### Task
Below, find each line holding "lowest" and state how many there are, using the number alone.

== Dataset extract ==

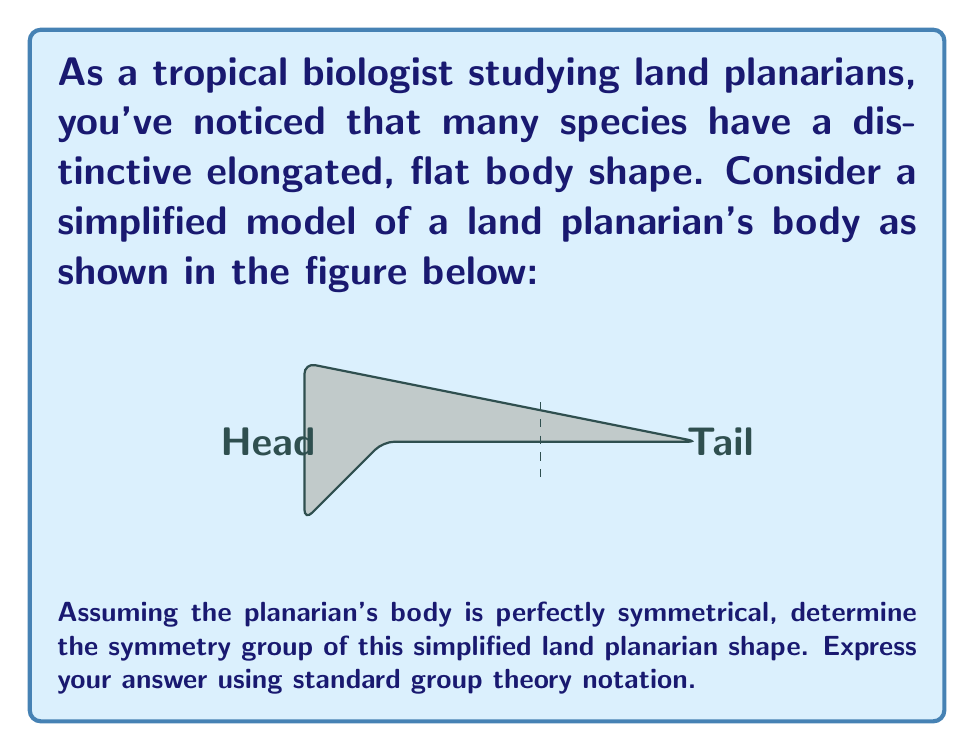Teach me how to tackle this problem. To determine the symmetry group of the land planarian's body shape, let's analyze its symmetries step by step:

1. Rotational symmetry:
   The shape has no rotational symmetry other than the identity rotation (360°), as rotating it by any other angle would not preserve the shape.

2. Reflection symmetry:
   There is one line of reflection symmetry, which is the vertical line passing through the center of the body (shown as a dashed line in the figure).

3. Identity transformation:
   The identity transformation (doing nothing) is always a symmetry.

These symmetries form a group under composition. Let's identify the elements:
- e: identity transformation
- r: reflection about the vertical line

We can verify that these form a group:
- Closure: e∘e = e, e∘r = r, r∘e = r, r∘r = e
- Associativity: holds for all transformations
- Identity: e is the identity element
- Inverse: e⁻¹ = e, r⁻¹ = r

This group has order 2 and is isomorphic to the cyclic group of order 2, denoted as $C_2$ or $\mathbb{Z}_2$.

In standard group theory notation, we can express this symmetry group as:

$$G = \{e, r\} \cong C_2 \cong \mathbb{Z}_2$$

This group is also isomorphic to the dihedral group $D_1$, which is the symmetry group of a line segment.
Answer: $C_2$ or $\mathbb{Z}_2$ 
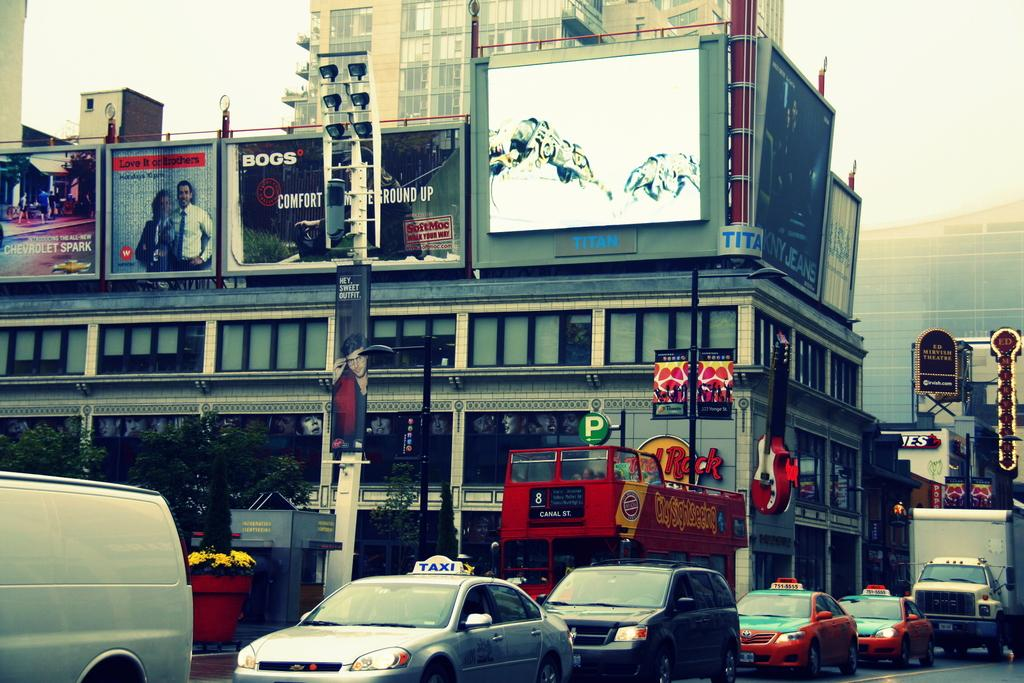Provide a one-sentence caption for the provided image. A city street scene has a taxi and a double-decker bus. 
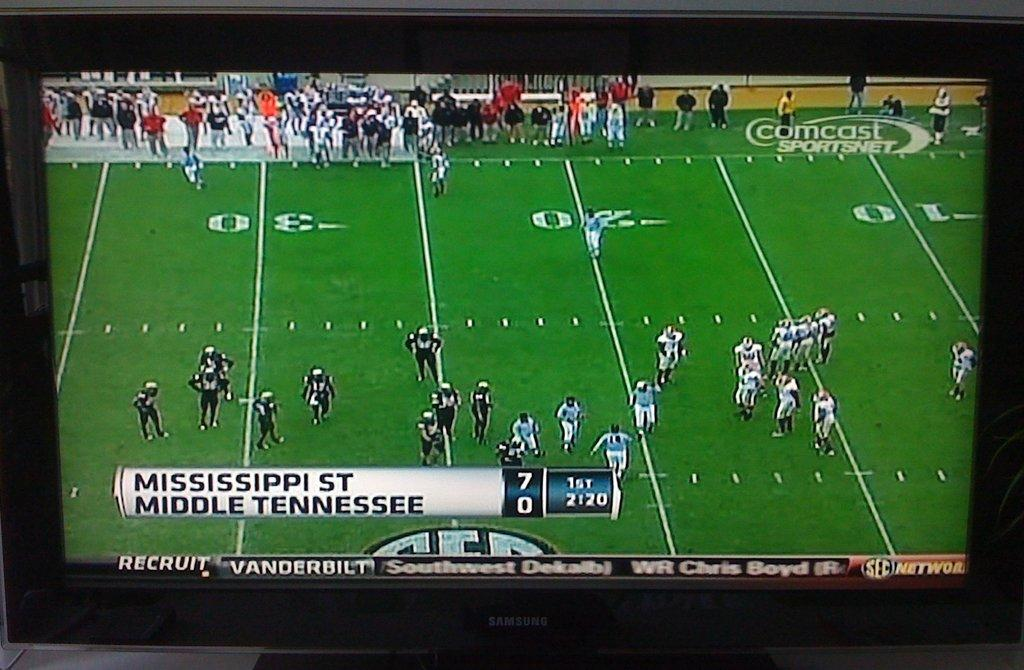<image>
Share a concise interpretation of the image provided. On a television screen Mississippi plays football against Middle Tennessee. 
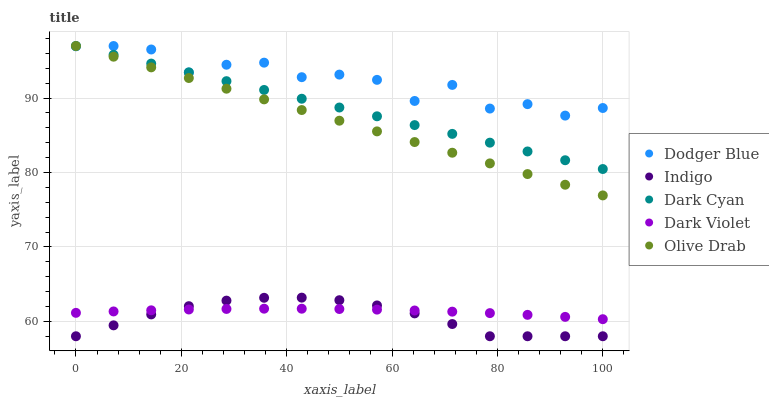Does Indigo have the minimum area under the curve?
Answer yes or no. Yes. Does Dodger Blue have the maximum area under the curve?
Answer yes or no. Yes. Does Dodger Blue have the minimum area under the curve?
Answer yes or no. No. Does Indigo have the maximum area under the curve?
Answer yes or no. No. Is Olive Drab the smoothest?
Answer yes or no. Yes. Is Dodger Blue the roughest?
Answer yes or no. Yes. Is Indigo the smoothest?
Answer yes or no. No. Is Indigo the roughest?
Answer yes or no. No. Does Indigo have the lowest value?
Answer yes or no. Yes. Does Dodger Blue have the lowest value?
Answer yes or no. No. Does Olive Drab have the highest value?
Answer yes or no. Yes. Does Indigo have the highest value?
Answer yes or no. No. Is Indigo less than Dodger Blue?
Answer yes or no. Yes. Is Dark Cyan greater than Dark Violet?
Answer yes or no. Yes. Does Dodger Blue intersect Dark Cyan?
Answer yes or no. Yes. Is Dodger Blue less than Dark Cyan?
Answer yes or no. No. Is Dodger Blue greater than Dark Cyan?
Answer yes or no. No. Does Indigo intersect Dodger Blue?
Answer yes or no. No. 
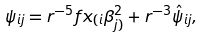<formula> <loc_0><loc_0><loc_500><loc_500>\psi _ { i j } = r ^ { - 5 } f x _ { ( i } \beta _ { j ) } ^ { 2 } + r ^ { - 3 } \hat { \psi } _ { i j } ,</formula>

===

### Answer to the problem
2